* **Work task**: Unless a line falls after the one with "text Voor meer", retype it exactly from the records below; leave out all pictures.

(Items from a data source)

************

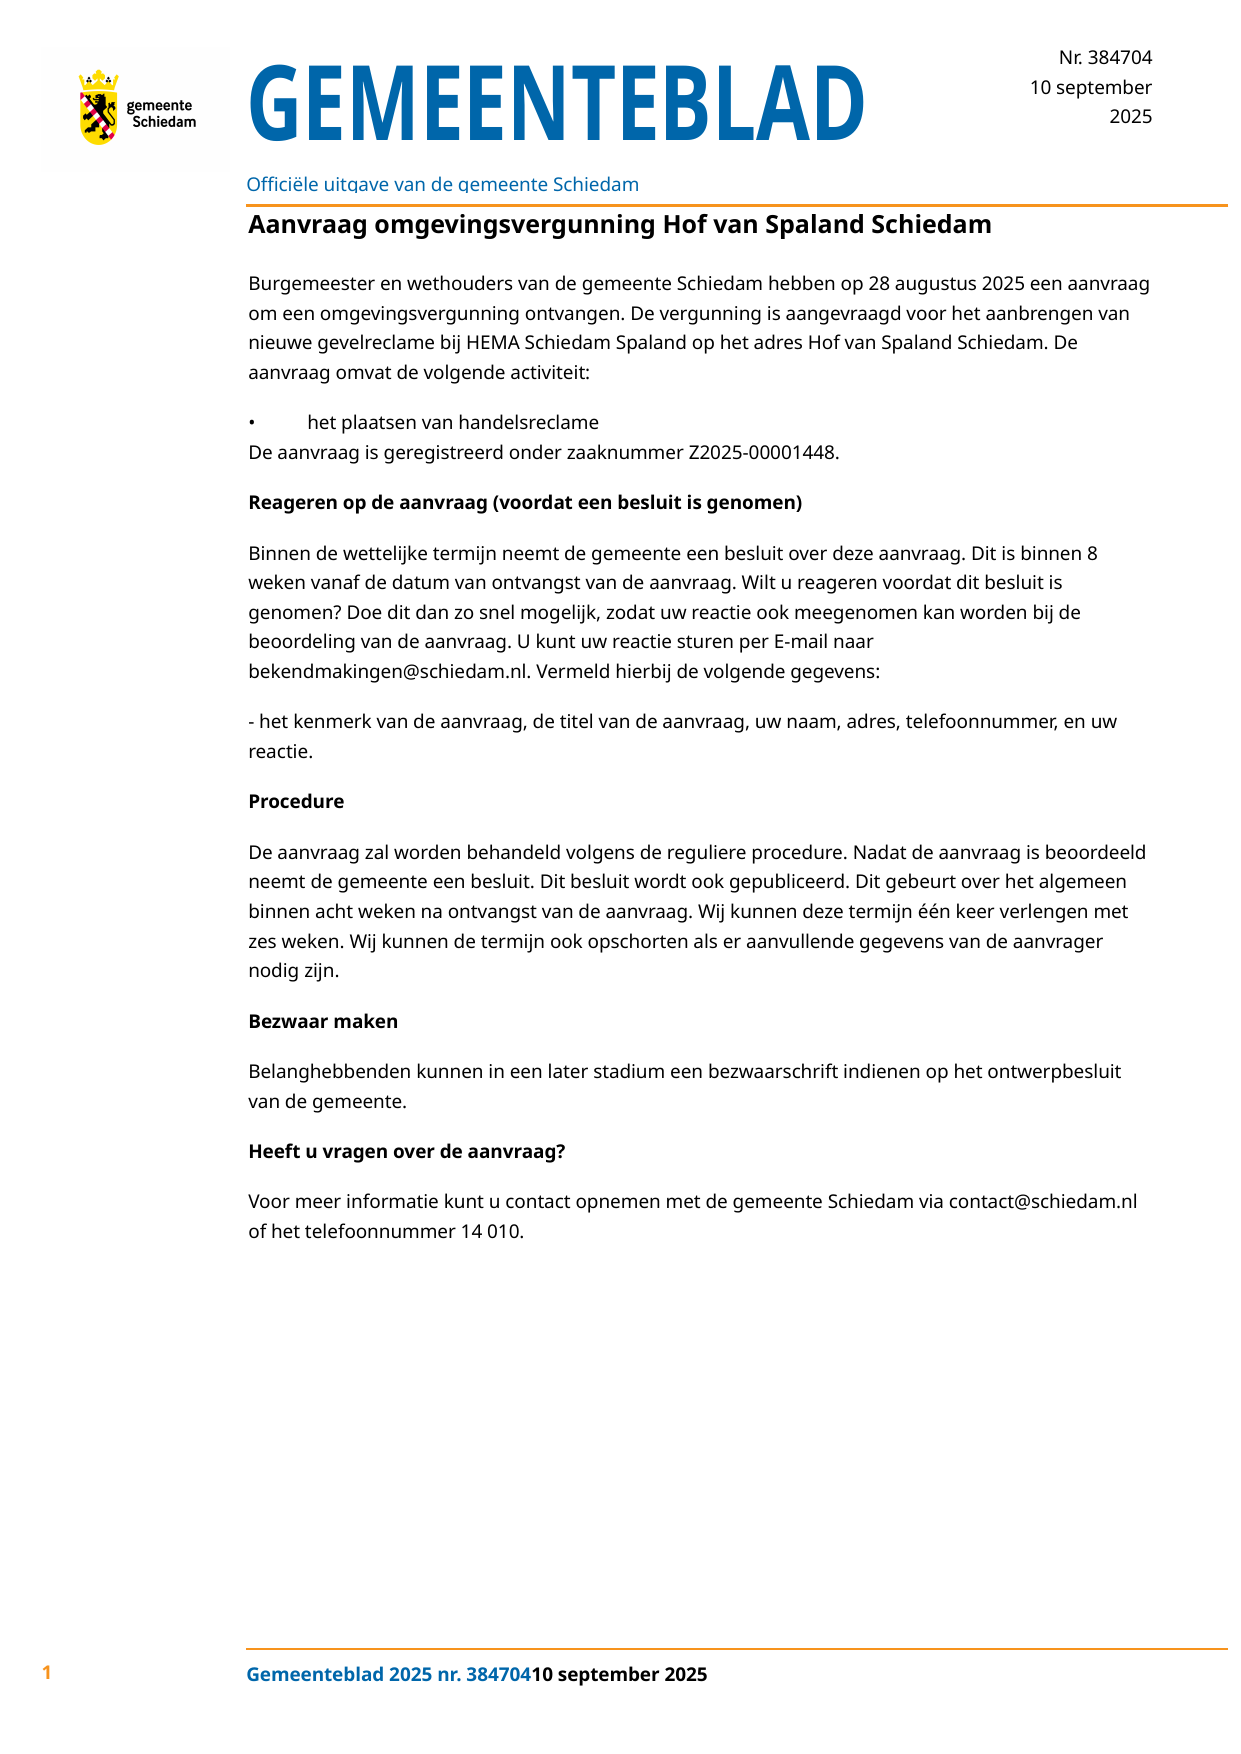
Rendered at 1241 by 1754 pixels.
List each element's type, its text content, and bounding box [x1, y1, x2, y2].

text De aanvraag is geregistreerd onder zaaknummer Z2025-00001448. [248, 439, 1152, 465]
text Burgemeester en wethouders van de gemeente Schiedam hebben op 28 augustus 2025 een aanvraag om een omgevingsvergunning ontvangen. De vergunning is aangevraagd voor het aanbrengen van nieuwe gevelreclame bij HEMA Schiedam Spaland op het adres Hof van Spaland Schiedam. De aanvraag omvat de volgende activiteit: [248, 270, 1152, 385]
text Belanghebbenden kunnen in een later stadium een bezwaarschrift indienen op het ontwerpbesluit van de gemeente. [248, 1058, 1152, 1113]
text Procedure [248, 789, 1152, 814]
text Reageren op de aanvraag (voordat een besluit is genomen) [248, 489, 1152, 515]
list het plaatsen van handelsreclame [248, 409, 1152, 435]
picture [41, 47, 231, 172]
text Heeft u vragen over de aanvraag? [248, 1138, 1152, 1164]
text Bezwaar maken [248, 1008, 1152, 1033]
text De aanvraag zal worden behandeld volgens de reguliere procedure. Nadat de aanvraag is beoordeeld neemt de gemeente een besluit. Dit besluit wordt ook gepubliceerd. Dit gebeurt over het algemeen binnen acht weken na ontvangst van de aanvraag. Wij kunnen deze termijn één keer verlengen met zes weken. Wij kunnen de termijn ook opschorten als er aanvullende gegevens van de aanvrager nodig zijn. [248, 839, 1152, 983]
text Aanvraag omgevingsvergunning Hof van Spaland Schiedam [248, 207, 1152, 241]
text - het kenmerk van de aanvraag, de titel van de aanvraag, uw naam, adres, telefoonnummer, en uw reactie. [248, 709, 1152, 764]
text Binnen de wettelijke termijn neemt de gemeente een besluit over deze aanvraag. Dit is binnen 8 weken vanaf de datum van ontvangst van de aanvraag. Wilt u reageren voordat dit besluit is genomen? Doe dit dan zo snel mogelijk, zodat uw reactie ook meegenomen kan worden bij de beoordeling van de aanvraag. U kunt uw reactie sturen per E-mail naar bekendmakingen@schiedam.nl. Vermeld hierbij de volgende gegevens: [248, 540, 1152, 684]
text Voor meer informatie kunt u contact opnemen met de gemeente Schiedam via contact@schiedam.nl of het telefoonnummer 14 010. [248, 1189, 1152, 1244]
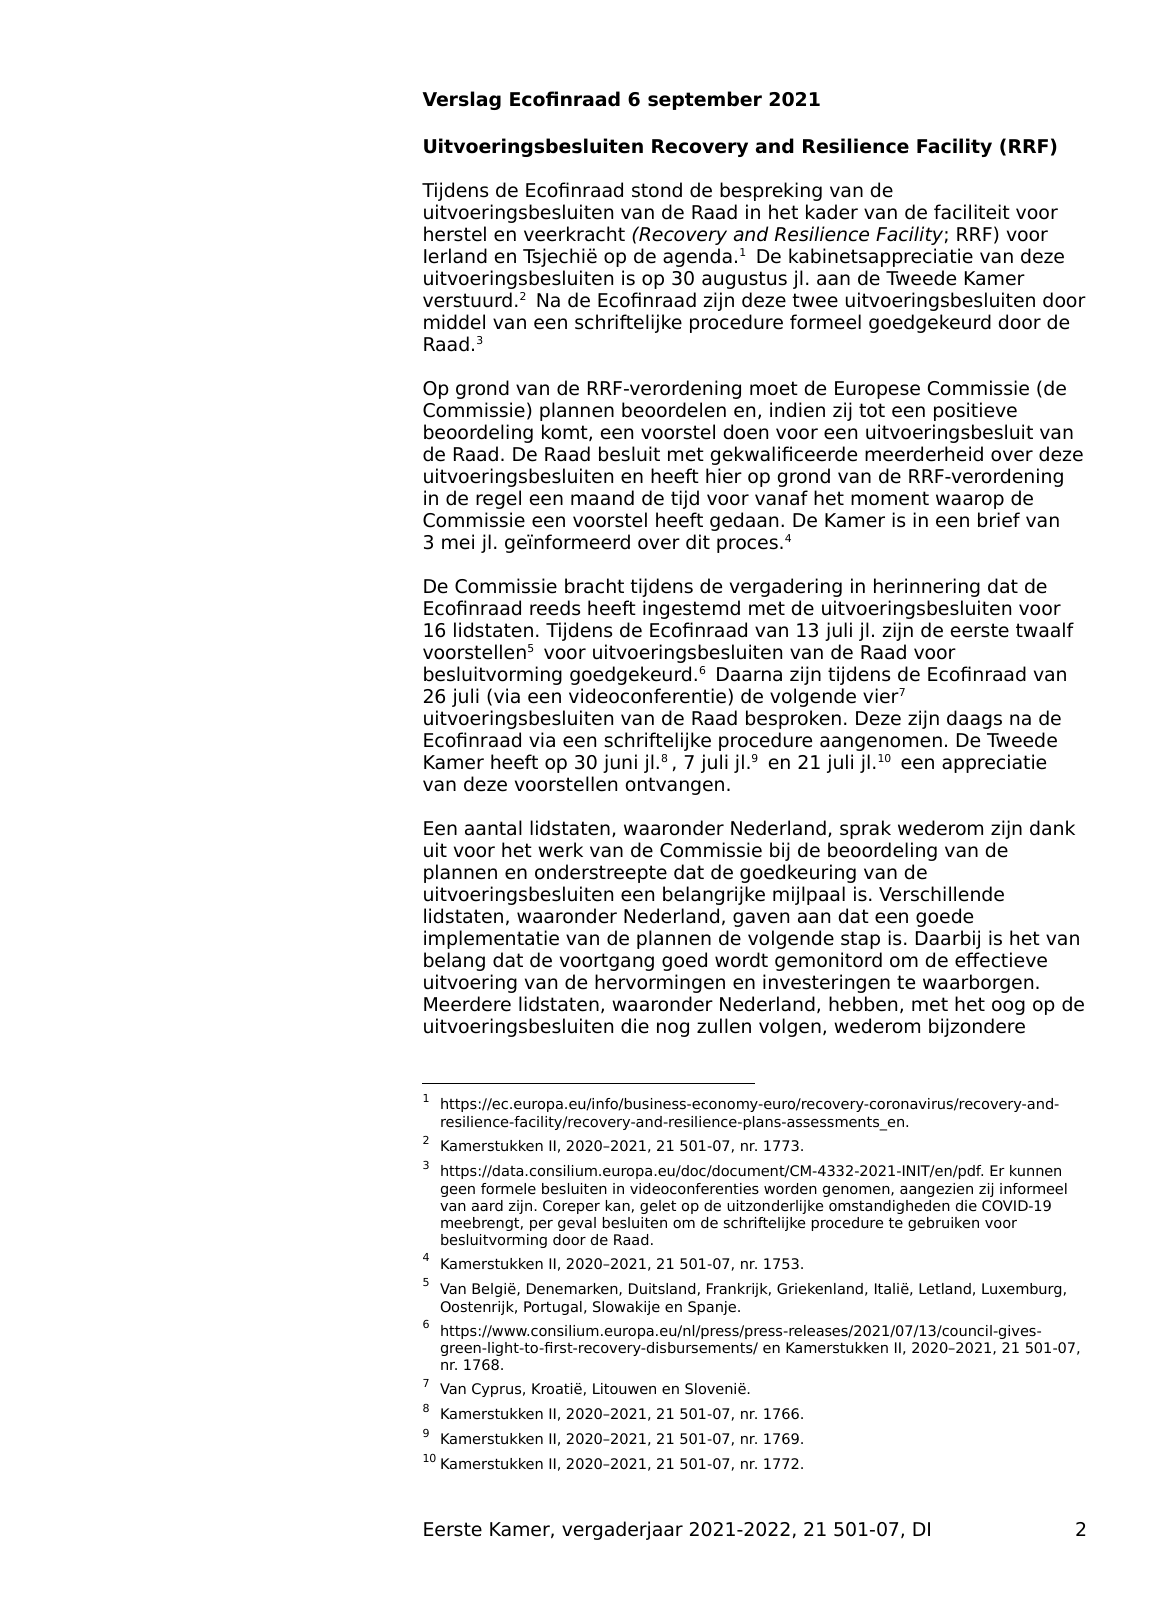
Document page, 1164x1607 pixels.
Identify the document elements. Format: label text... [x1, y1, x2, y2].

text Een aantal lidstaten, waaronder Nederland, sprak wederom zijn dank uit voor het werk van de Commissie bij de beoordeling van de plannen en onderstreepte dat de goedkeuring van de uitvoeringsbesluiten een belangrijke mijlpaal is. Verschillende lidstaten, waaronder Nederland, gaven aan dat een goede implementatie van de plannen de volgende stap is. Daarbij is het van belang dat de voortgang goed wordt gemonitord om de effectieve uitvoering van de hervormingen en investeringen te waarborgen. Meerdere lidstaten, waaronder Nederland, hebben, met het oog op de uitvoeringsbesluiten die nog zullen volgen, wederom bijzondere [422, 818, 1087, 1038]
text Kamerstukken II, 2020–2021, 21 501-07, nr. 1766. [422, 1402, 1087, 1424]
text De Commissie bracht tijdens de vergadering in herinnering dat de Ecofinraad reeds heeft ingestemd met de uitvoeringsbesluiten voor 16 lidstaten. Tijdens de Ecofinraad van 13 juli jl. zijn de eerste twaalf voorstellen voor uitvoeringsbesluiten van de Raad voor besluitvorming goedgekeurd. Daarna zijn tijdens de Ecofinraad van 26 juli (via een videoconferentie) de volgende vier uitvoeringsbesluiten van de Raad besproken. Deze zijn daags na de Ecofinraad via een schriftelijke procedure aangenomen. De Tweede Kamer heeft op 30 juni jl., 7 juli jl. en 21 juli jl. een appreciatie van deze voorstellen ontvangen. [422, 576, 1087, 796]
text https://ec.europa.eu/info/business-economy-euro/recovery-coronavirus/recovery-and-resilience-facility/recovery-and-resilience-plans-assessments_en. [422, 1092, 1087, 1131]
text https://data.consilium.europa.eu/doc/document/CM-4332-2021-INIT/en/pdf. Er kunnen geen formele besluiten in videoconferenties worden genomen, aangezien zij informeel van aard zijn. Coreper kan, gelet op de uitzonderlijke omstandigheden die COVID-19 meebrengt, per geval besluiten om de schriftelijke procedure te gebruiken voor besluitvorming door de Raad. [422, 1159, 1087, 1249]
text Van Cyprus, Kroatië, Litouwen en Slovenië. [422, 1377, 1087, 1399]
subtitle Uitvoeringsbesluiten Recovery and Resilience Facility (RRF) [422, 136, 1087, 158]
text Kamerstukken II, 2020–2021, 21 501-07, nr. 1772. [422, 1452, 1087, 1474]
text Van België, Denemarken, Duitsland, Frankrijk, Griekenland, Italië, Letland, Luxemburg, Oostenrijk, Portugal, Slowakije en Spanje. [422, 1277, 1087, 1316]
text Tijdens de Ecofinraad stond de bespreking van de uitvoeringsbesluiten van de Raad in het kader van de faciliteit voor herstel en veerkracht (Recovery and Resilience Facility; RRF) voor Ierland en Tsjechië op de agenda. De kabinetsappreciatie van deze uitvoeringsbesluiten is op 30 augustus jl. aan de Tweede Kamer verstuurd. Na de Ecofinraad zijn deze twee uitvoeringsbesluiten door middel van een schriftelijke procedure formeel goedgekeurd door de Raad. [422, 180, 1087, 356]
text Kamerstukken II, 2020–2021, 21 501-07, nr. 1769. [422, 1427, 1087, 1449]
text Op grond van de RRF-verordening moet de Europese Commissie (de Commissie) plannen beoordelen en, indien zij tot een positieve beoordeling komt, een voorstel doen voor een uitvoeringsbesluit van de Raad. De Raad besluit met gekwalificeerde meerderheid over deze uitvoeringsbesluiten en heeft hier op grond van de RRF-verordening in de regel een maand de tijd voor vanaf het moment waarop de Commissie een voorstel heeft gedaan. De Kamer is in een brief van 3 mei jl. geïnformeerd over dit proces. [422, 378, 1087, 554]
subtitle Verslag Ecofinraad 6 september 2021 [422, 89, 1087, 111]
text Kamerstukken II, 2020–2021, 21 501-07, nr. 1753. [422, 1252, 1087, 1274]
text Kamerstukken II, 2020–2021, 21 501-07, nr. 1773. [422, 1134, 1087, 1156]
text https://www.consilium.europa.eu/nl/press/press-releases/2021/07/13/council-gives-green-light-to-first-recovery-disbursements/ en Kamerstukken II, 2020–2021, 21 501-07, nr. 1768. [422, 1318, 1087, 1374]

************

* **Answer box**:
Rendered at 1241 by 1754 pixels.
List each element's type, its text content, and bounding box [x1, y1, x2, y2].

text De aanvraag is geregistreerd onder zaaknummer Z2025-00001448. [248, 439, 1152, 465]
text Burgemeester en wethouders van de gemeente Schiedam hebben op 28 augustus 2025 een aanvraag om een omgevingsvergunning ontvangen. De vergunning is aangevraagd voor het aanbrengen van nieuwe gevelreclame bij HEMA Schiedam Spaland op het adres Hof van Spaland Schiedam. De aanvraag omvat de volgende activiteit: [248, 270, 1152, 385]
text Belanghebbenden kunnen in een later stadium een bezwaarschrift indienen op het ontwerpbesluit van de gemeente. [248, 1058, 1152, 1113]
text Procedure [248, 789, 1152, 814]
text Reageren op de aanvraag (voordat een besluit is genomen) [248, 489, 1152, 515]
list het plaatsen van handelsreclame [248, 409, 1152, 435]
picture [41, 47, 231, 172]
text Heeft u vragen over de aanvraag? [248, 1138, 1152, 1164]
text Bezwaar maken [248, 1008, 1152, 1033]
text De aanvraag zal worden behandeld volgens de reguliere procedure. Nadat de aanvraag is beoordeeld neemt de gemeente een besluit. Dit besluit wordt ook gepubliceerd. Dit gebeurt over het algemeen binnen acht weken na ontvangst van de aanvraag. Wij kunnen deze termijn één keer verlengen met zes weken. Wij kunnen de termijn ook opschorten als er aanvullende gegevens van de aanvrager nodig zijn. [248, 839, 1152, 983]
text Aanvraag omgevingsvergunning Hof van Spaland Schiedam [248, 207, 1152, 241]
text - het kenmerk van de aanvraag, de titel van de aanvraag, uw naam, adres, telefoonnummer, en uw reactie. [248, 709, 1152, 764]
text Binnen de wettelijke termijn neemt de gemeente een besluit over deze aanvraag. Dit is binnen 8 weken vanaf de datum van ontvangst van de aanvraag. Wilt u reageren voordat dit besluit is genomen? Doe dit dan zo snel mogelijk, zodat uw reactie ook meegenomen kan worden bij de beoordeling van de aanvraag. U kunt uw reactie sturen per E-mail naar bekendmakingen@schiedam.nl. Vermeld hierbij de volgende gegevens: [248, 540, 1152, 684]
text Voor meer informatie kunt u contact opnemen met de gemeente Schiedam via contact@schiedam.nl of het telefoonnummer 14 010. [248, 1189, 1152, 1244]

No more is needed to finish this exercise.